Par contre, le pourcentage de ceux qui estiment que Québec est plus sensible dans ce dossier aux intérêts de l'industrie gazière que de la population est passé de 66 % à 74 %. Cette augmentation de la perception négative est le résultat du fait que les personnes sans opinion ont vu leur nombre passer de 21 % à 13 % en un mois, ce qui indique que ce sont les citoyens opposés à ce développement ainsi que les écologistes qui ont marqué le plus de points dans les dernières semaines.
29 commentaires
  • Roch Langlois - Abonné 22 octobre 2010 01 h 01

    Les sondages qu'osse ça donne !

    Mon titre paraphrase une citation d'Yvon Deschamps. Par contre, les opinons d'aujourd'hui, par des populistes, et les médias, arrêtent toute forme de développment. Alain Minc écrivait dans dans son essai, "Epitres à nos nouveaux maitres", la réalite suivante: (sic)..
    Traduction libre. "Supposons que Samuel de Champlain arrive aujourd'hui, dans "son" Québec. Qu'observerait-il ? La puissance du mouvement féministe, le rayonnement du monde homosexuel, l'assurance des groupes ethniques, la force de renvendications des locales, mais aussi la prégnance hostiles à la mondialisation, un refus diffus de l'économie de marché, un rejet nostalgique du progrès technique, la haine des forts, la jalousie à l'égard des riches. ...Quel pays décrirait-il à ses mandants ? Un Québec dominé par ses MINORITÉS; un discours collectif rythmé pas des REFUS; une société émiettée; des citoyens écartelés; des individus déboussolés; des dirigeants apeurés. C'est de nous QU'IL PARLERAIT.

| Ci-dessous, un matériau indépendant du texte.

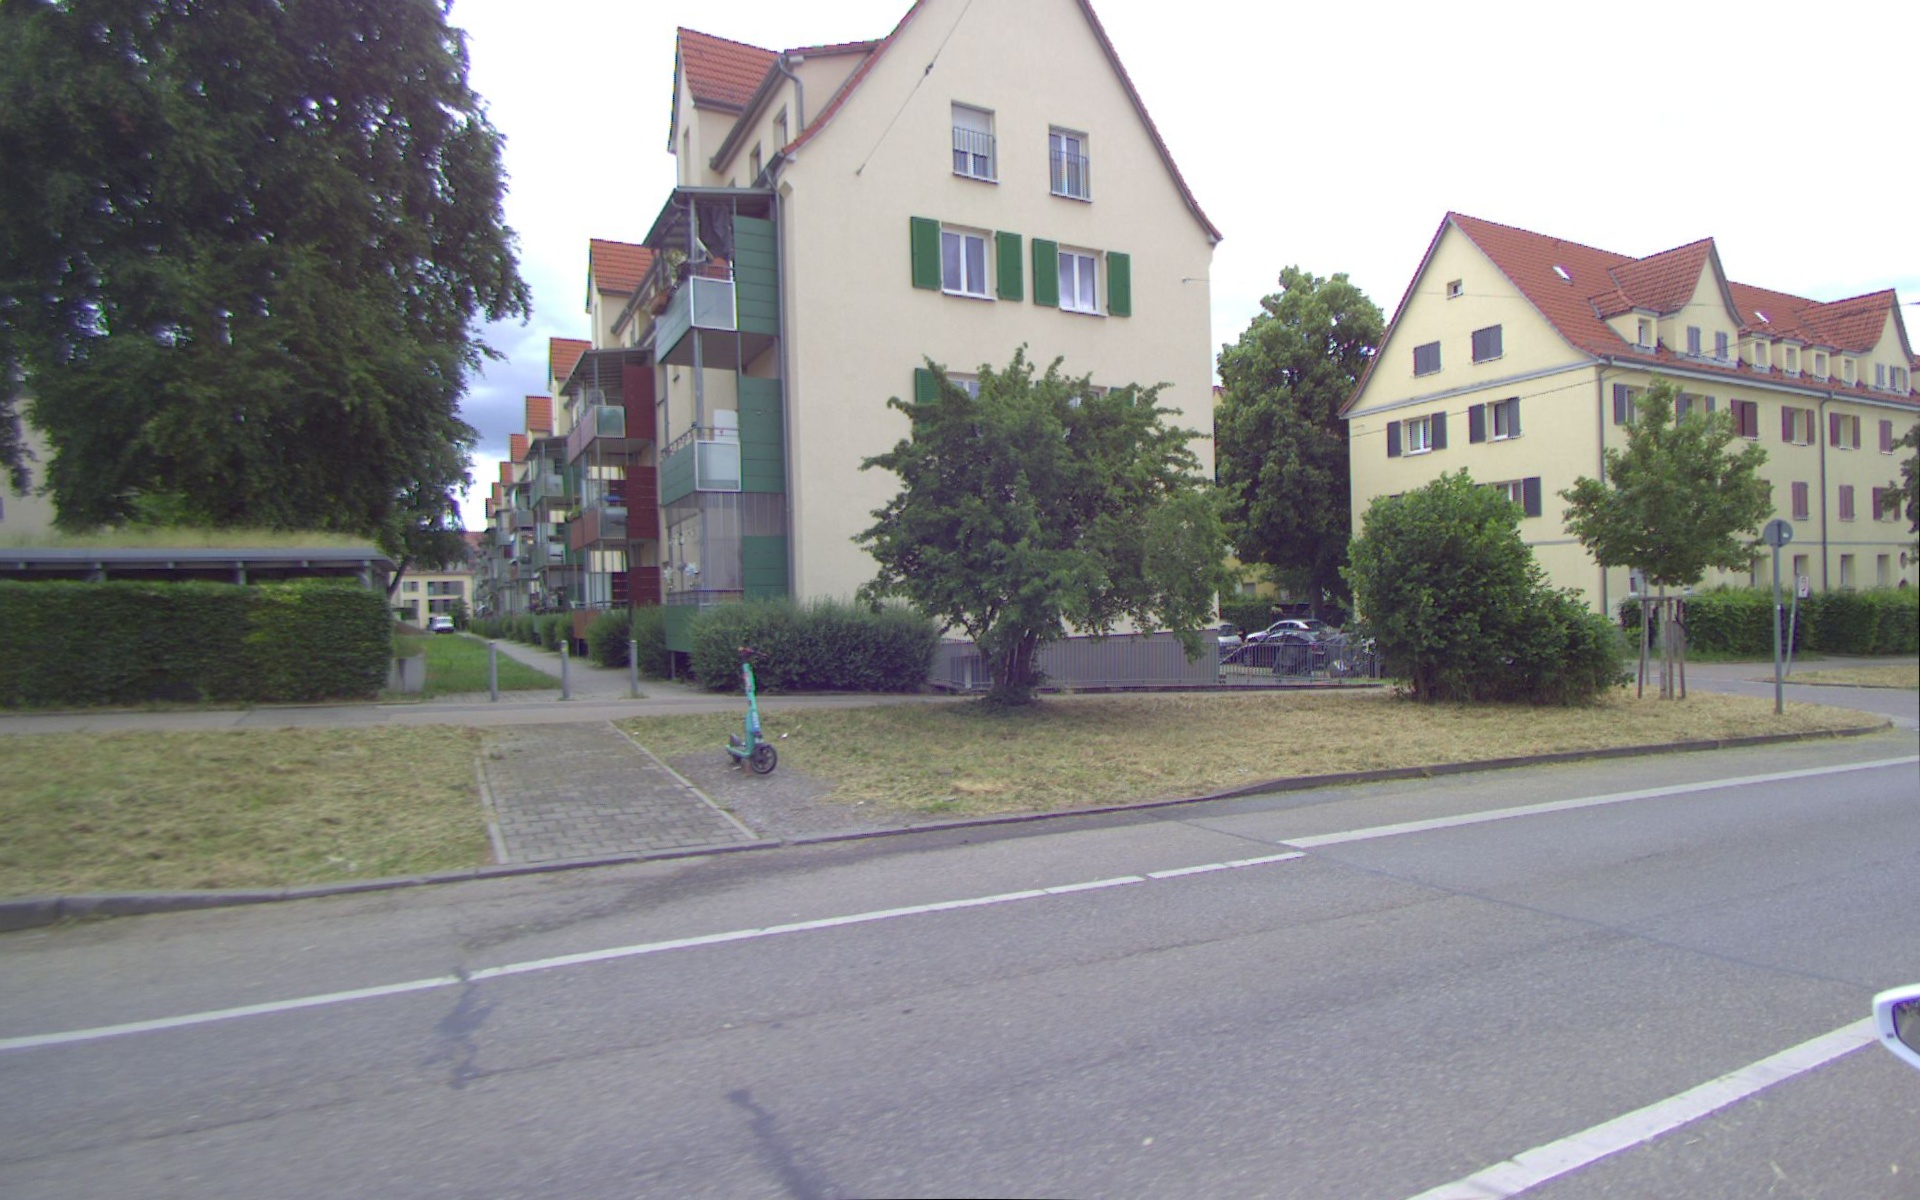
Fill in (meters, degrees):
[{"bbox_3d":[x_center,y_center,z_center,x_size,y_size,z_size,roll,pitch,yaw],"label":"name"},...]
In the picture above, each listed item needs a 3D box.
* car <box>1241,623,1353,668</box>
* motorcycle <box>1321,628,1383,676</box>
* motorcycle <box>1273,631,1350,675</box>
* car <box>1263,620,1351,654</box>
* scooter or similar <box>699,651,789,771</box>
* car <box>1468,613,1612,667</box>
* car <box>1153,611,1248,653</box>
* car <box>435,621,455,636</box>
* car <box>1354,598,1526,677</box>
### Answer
[{"bbox_3d":[12.159,1.595,36.423,1.721,1.486,3.806,0,0,-25],"label":"car"},{"bbox_3d":[11.529,1.508,29.651,0.996,1.296,2.607,0,0,5],"label":"motorcycle"},{"bbox_3d":[11.035,1.631,31.499,2.582,1.296,1.006,1,0,-37],"label":"motorcycle"},{"bbox_3d":[14.837,1.545,43.081,1.523,1.255,3.401,-3,1,-28],"label":"car"},{"bbox_3d":[-2.213,1.083,10.184,0.461,1.100,1.362,0,-1,-32],"label":"scooter or similar"},{"bbox_3d":[19.362,1.291,33.711,1.670,1.550,3.888,-3,1,-28],"label":"car"},{"bbox_3d":[9.841,1.278,41.351,1.723,1.587,3.803,0,0,-27],"label":"car"},{"bbox_3d":[-65.170,3.590,127.131,1.978,1.907,3.966,1,-1,-32],"label":"car"},{"bbox_3d":[14.934,1.130,31.549,1.969,2.283,4.701,1,-1,-27],"label":"car"}]

  • letourse - Abonné 22 octobre 2010 06 h 25

    Une bonne nouvelle!!

    Enfin une excellente nouvelle!!

    Mais demeurons vigilants, les "tinamis" continuent de travailler en coulisse...

  • François Ricard l'inconnu - Inscrit 22 octobre 2010 06 h 27

    Un moratoire est nécessaire

    Avant d'aller de l'avant avec un tel projet, il faut tout d'abord répondre à certaines questions.
    Quelles sont les meilleures façons d'exploiter ces gisements?
    Quels seront les effets à long terme?
    Devons-nous les exploiter maintenant alors que le prix du gaz est très bas et qu'une nouvelle source d'approvisionnement fera baisser le prix?
    Devrions-nous développer des sources d'énergie plus propres et moins polluantes? Comme l'éolien.

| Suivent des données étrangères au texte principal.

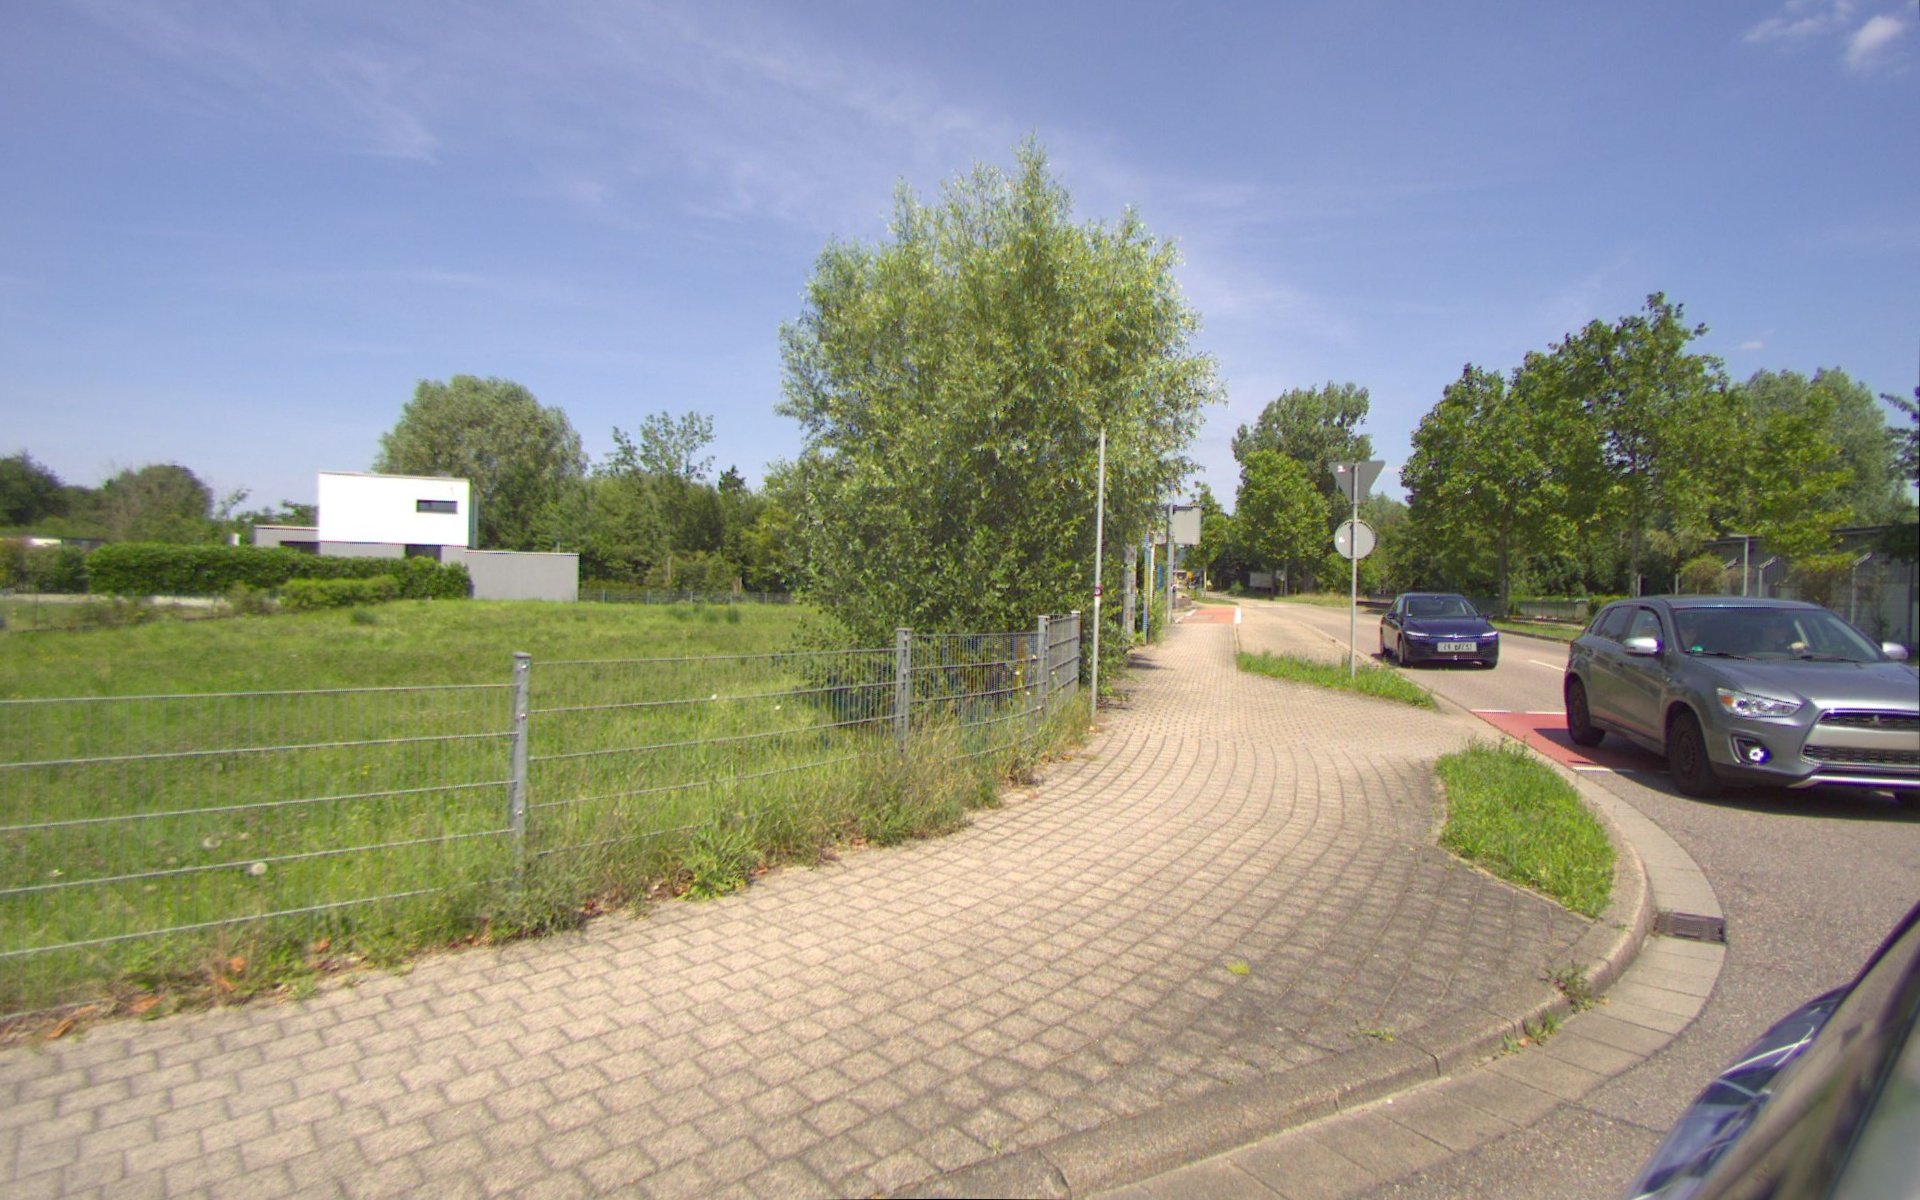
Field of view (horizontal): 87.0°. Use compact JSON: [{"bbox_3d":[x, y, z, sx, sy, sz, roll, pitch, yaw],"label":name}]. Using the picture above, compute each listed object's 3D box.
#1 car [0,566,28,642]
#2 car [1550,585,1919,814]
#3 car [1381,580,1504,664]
[{"bbox_3d":[-28.087,0.133,26.647,4.830,2.039,2.074,-1,1,-12],"label":"car"},{"bbox_3d":[7.076,0.667,9.313,1.726,1.553,4.503,1,1,16],"label":"car"},{"bbox_3d":[9.944,0.382,21.141,1.771,1.559,4.107,1,1,18],"label":"car"}]

    Le gisement éolien disponible au Québec représente 100 fois la production totale d’électricité du Québec en 2008. C’est le plus important gisement de toute l’Amérique : sa richesse et sa qualité sont exceptionnelles. Ainsi, même au Québec où le coût de l’électricité est généralement considéré comme l’un des plus bas sur le continent nord-américain, l’électricité éolienne peut être produite à un prix compétitif avec celui des grandes filières énergétiques traditionnelles. Et les principaux sites éoliens sont dans les secteurs de La Grande et de Bersimis-Outardes, loin des centres habités.

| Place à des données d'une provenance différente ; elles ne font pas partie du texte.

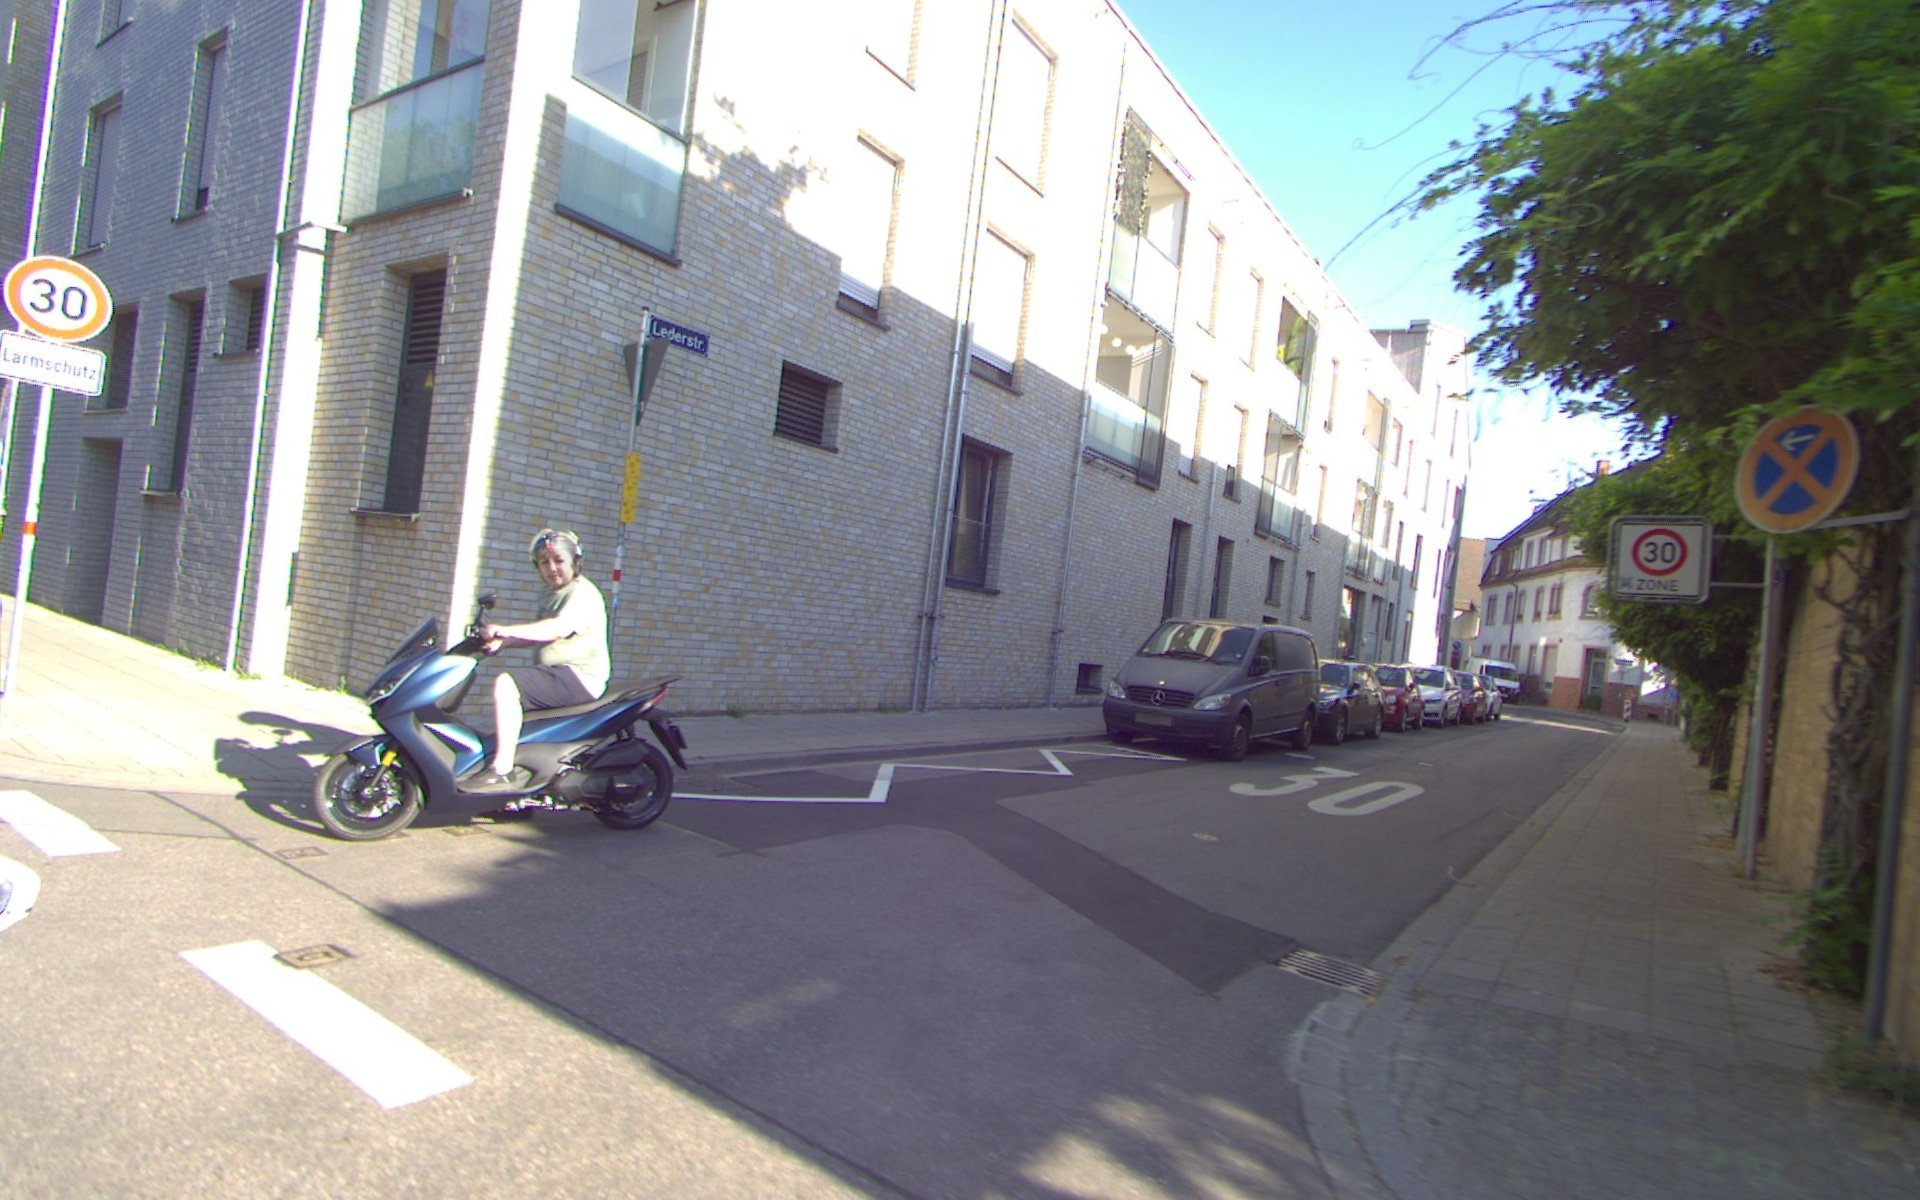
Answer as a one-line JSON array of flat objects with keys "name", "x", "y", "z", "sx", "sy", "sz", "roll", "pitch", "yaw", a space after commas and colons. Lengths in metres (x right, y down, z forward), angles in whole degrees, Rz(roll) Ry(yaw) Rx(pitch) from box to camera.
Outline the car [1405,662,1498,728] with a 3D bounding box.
[{"name": "car", "x": 15.437, "y": 2.944, "z": 31.459, "sx": 1.834, "sy": 1.672, "sz": 4.444, "roll": 6, "pitch": 0, "yaw": 35}]

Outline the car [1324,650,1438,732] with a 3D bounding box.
[{"name": "car", "x": 10.008, "y": 2.151, "z": 23.763, "sx": 1.638, "sy": 1.596, "sz": 3.620, "roll": 6, "pitch": -1, "yaw": 35}]

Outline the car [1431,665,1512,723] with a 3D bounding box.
[{"name": "car", "x": 18.101, "y": 3.290, "z": 35.503, "sx": 1.834, "sy": 1.672, "sz": 4.444, "roll": 6, "pitch": 0, "yaw": 35}]

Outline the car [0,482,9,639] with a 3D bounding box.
[{"name": "car", "x": -9.902, "y": -0.365, "z": 8.594, "sx": 4.003, "sy": 1.608, "sz": 1.630, "roll": 6, "pitch": 2, "yaw": 33}]

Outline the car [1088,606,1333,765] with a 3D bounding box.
[{"name": "car", "x": 3.844, "y": 1.165, "z": 14.779, "sx": 1.834, "sy": 1.804, "sz": 4.604, "roll": 6, "pitch": 1, "yaw": 35}]

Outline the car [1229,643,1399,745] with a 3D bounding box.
[{"name": "car", "x": 6.783, "y": 1.743, "z": 18.988, "sx": 1.802, "sy": 1.496, "sz": 4.388, "roll": 6, "pitch": 0, "yaw": 35}]

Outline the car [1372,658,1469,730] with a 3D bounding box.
[{"name": "car", "x": 12.558, "y": 2.534, "z": 27.300, "sx": 1.638, "sy": 1.621, "sz": 3.660, "roll": 6, "pitch": 0, "yaw": 35}]

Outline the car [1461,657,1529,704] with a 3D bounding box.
[{"name": "car", "x": 31.490, "y": 4.682, "z": 59.425, "sx": 1.974, "sy": 2.335, "sz": 5.607, "roll": 6, "pitch": 0, "yaw": 14}]

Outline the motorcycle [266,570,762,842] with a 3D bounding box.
[{"name": "motorcycle", "x": -2.429, "y": 0.608, "z": 5.726, "sx": 2.314, "sy": 1.296, "sz": 0.890, "roll": 6, "pitch": -1, "yaw": -28}]

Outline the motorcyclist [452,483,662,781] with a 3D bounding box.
[{"name": "motorcyclist", "x": -2.314, "y": 0.189, "z": 5.735, "sx": 0.869, "sy": 1.490, "sz": 0.890, "roll": 8, "pitch": -1, "yaw": -28}]

  • clovis simard - Inscrit 22 octobre 2010 07 h 20

    Le Chaos

    L'opposition grandit ! Jusqu'à une limite, pour enfin devenir chaotique !

    C.Q.F.D

  • Bernard R - Inscrit 22 octobre 2010 07 h 59

    Pourquoi être surpris!...

    Il n'y a rien de surprenant a cet article, surtout quand madame N. Normandeau et ses acolytes des pétrolières font tout pour essayer de nous "éduquer" nous la population ignare, il faudra peut être que m. Fava et Bastarache s'en mêle, pourquoi pas.... Un peu plus un peu moins ou il y a de la gêne il n'y a aucun plaisir qu'ils disent.
    Depuis Janvier 2010 dans notre village plus on pose de questions plus les réponses changent au fil des nouvelles, e dois avouer que les ministères et madame N. Normandeau font une belle équipe quand il s'agit de ne pas tout dire aux citoyens, à tout le "Monde en parle" si je n'étais pas au courant du dossier je l'aurais presque cru, c'est pas croyable de ne dire que des demi vérités avec autant d'aplomb au public, la seule vérité que j'ai reconnu c'est le "CASH" il faut faire du cash, elle a juste oublié de dire que c'était juste pour les libéraux qui occupent une TRÈS grande place maintenant dans tous les conseils d'administration. Faut le faire quand même. Alors oui je ne suis pas du tout surpris que les gens avec toutes les réponses floues et les demi vérité et absurdités avancées par m. André Caillé lui même. (ha oui! il est pas du tout en dépression)
    Un citoyen choqué d'un tel gouvernement à la dérive et dire que c'est nos impôts qui payent ces gens là.